Senin 21 April 2025 Sebuah Perpisahan yang Tak Diduga, Bagian 3: Petir di Dada dan Langkah yang Berat
"Pak, kk sudah diterima kerja oleh perusahaan di PT. PSU Sumsel pak,"
Suara "kk" masih terngiang. Kata-kata itu, yang mungkin diucapkannya dengan niat baik, untuk berbagi kabar gembira tentang pencapaiannya, bagiku... ia bagaikan petir yang menyambar tepat di dada. Bukan petir di langit dengan gemuruhnya, melainkan petir yang tak bersuara namun sanggup meruntuhkan apa saja yang ada di jalurnya. Sinar terangnya menghapuskan kebiasaan, menghapus tawa, menghapus momen berbagi yang telah terajut berhari, berbulan, bahkan bertahun lamanya.
Darahku seolah berdesir dingin, lantas hangat membakar. Napasku tercekat. Hati ini... rasanya seperti diremas, diremukkan berkeping-keping dalam sekecap mata. Selama ini, aku selalu berusaha hadir untuknya, mendengarkan keluh kesahnya, berbagi pandangan tentang pekerjaan, bahkan hal-hal personal. Aku telah menganggapnya putri kecil, anak bungsu yang kujaga, yang kuingatkan salat, yang kuajak bicara dari hati ke hati. Dan mereka, "kk" maupun bundanya, tak pernah sekalipun bercerita bahwa ia sedang mengajukan lamaran ke tempat lain. Tidak ada isyarat, tidak ada permintaan doa selama proses itu berjalan. Tahu-tahu, kabar yang datang adalah kabar kepergian.
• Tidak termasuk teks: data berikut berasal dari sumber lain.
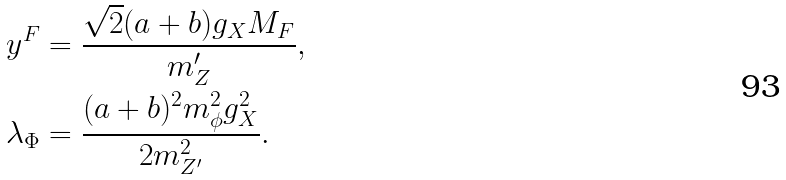Convert formula to latex. <formula><loc_0><loc_0><loc_500><loc_500>y ^ { F } & = \frac { \sqrt { 2 } ( a + b ) g _ { X } M _ { F } } { m _ { Z } ^ { \prime } } , \\ \lambda _ { \Phi } & = \frac { ( a + b ) ^ { 2 } m _ { \phi } ^ { 2 } g _ { X } ^ { 2 } } { 2 m _ { Z ^ { \prime } } ^ { 2 } } .</formula> 
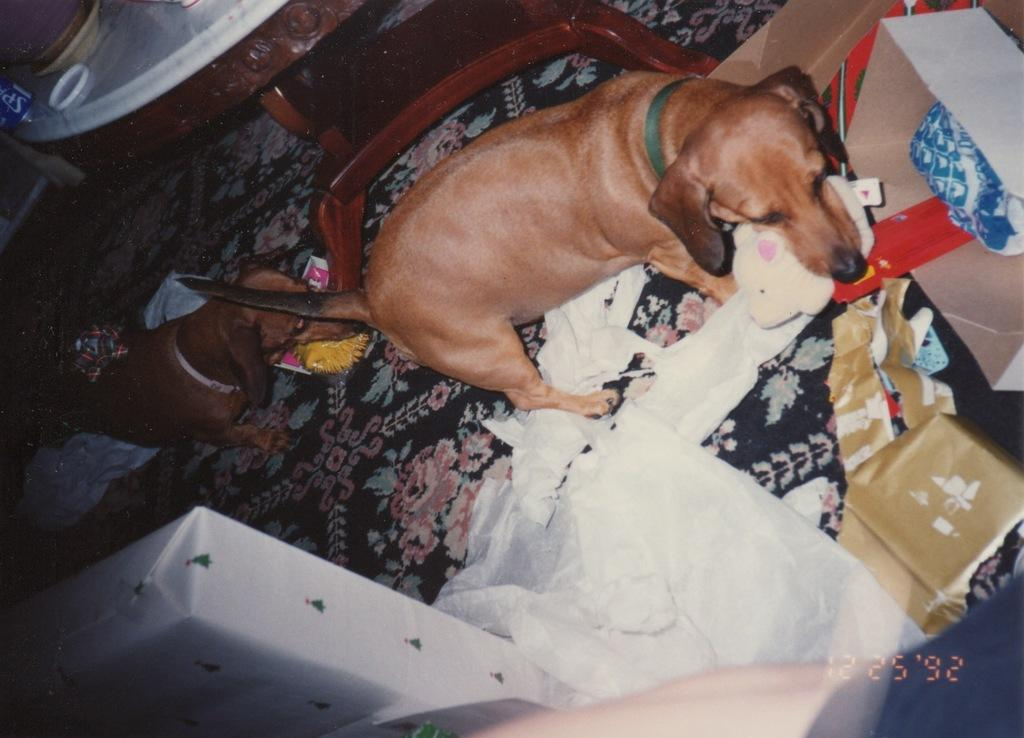What type of living organisms are present in the image? There are animals in the image. Where are the animals located? The animals are on a surface in the image. What type of furniture is visible in the image? There is a wooden table in the image. What else can be seen on the table besides the wooden surface? There are objects on the table in the image. How many cherries are hanging from the kite in the image? There is no kite or cherries present in the image. Is there a tub filled with water near the animals in the image? There is no tub or water visible in the image.

Dengan perasaan berkecamuk hebat, antara shock, kecewa, sedih, dan rasa sakit yang mendalam karena merasa tidak dianggap dalam proses penting hidupnya, aku berusaha merespons. Mulutku bergerak, mengeluarkan kata-kata yang sangat berkebalikan dengan apa yang dirasakan hati.
"Oh, ya, bagus lah kalau begitu," kataku. Suara itu terdengar asing di telingaku sendiri, terlalu datar, terlalu dipaksakan. Padahal di dalam sini, badai tengah mengamuk. Hati ini remuk redam.
Tak sanggup berlama-lama di ruangan itu, di tengah rasa sakit yang tiba-tiba mendera, aku memutuskan untuk pergi. Langkahku terasa berat, namun aku harus segera keluar dari sana. Aku bangkit dari kursi, melangkah menuju pintu tanpa mempedulikan panggilan lembut dari bunda "kk" yang mungkin merasakan ada sesuatu yang tidak baik.
"Pak..." panggilnya lirih.
Aku tak menoleh, tak berhenti. Aku hanya perlu menjauh, mencari udara, mencari ruang untuk bernapas di tengah himpitan perasaan ini. Kutinggalkan kantor, kutinggalkan "kk" dan bundanya, kutinggalkan momen yang baru saja meruntuhkan pilar keseharianku.
Langit semakin kelabu saat aku berjalan menuju rumah makan terdekat. Makanan di depanku terasa hambar. Pikiranku melayang, kembali ke pertanyaan yang terus bergaung di kepala: kenapa? Kenapa anak dan ibunya selama ini tidak pernah bercerita tentang lamaran kerja itu? Kenapa baru sekarang, saat semua sudah pasti, saat lamaran sudah diterima, aku diberi kabar? Pertanyaan itu seperti pisau tumpul yang menggores luka di hati. Apa aku tidak cukup penting? Apakah hubungan kami selama ini hanya sebatas kulitnya saja?
Usai makan, aku membayar tanpa benar-benar sadar berapa yang kubayar, lalu pergi ke tempat di mana biasanya aku berkumpul dengan rekan-rekan lain. Mencari sedikit distraksi, mungkin, atau hanya perlu berada di antara orang lain agar tidak tenggelam dalam pikiran sendiri.
Saat itulah, ponselku bergetar lagi. Sebuah pesan masuk. Dari "kk".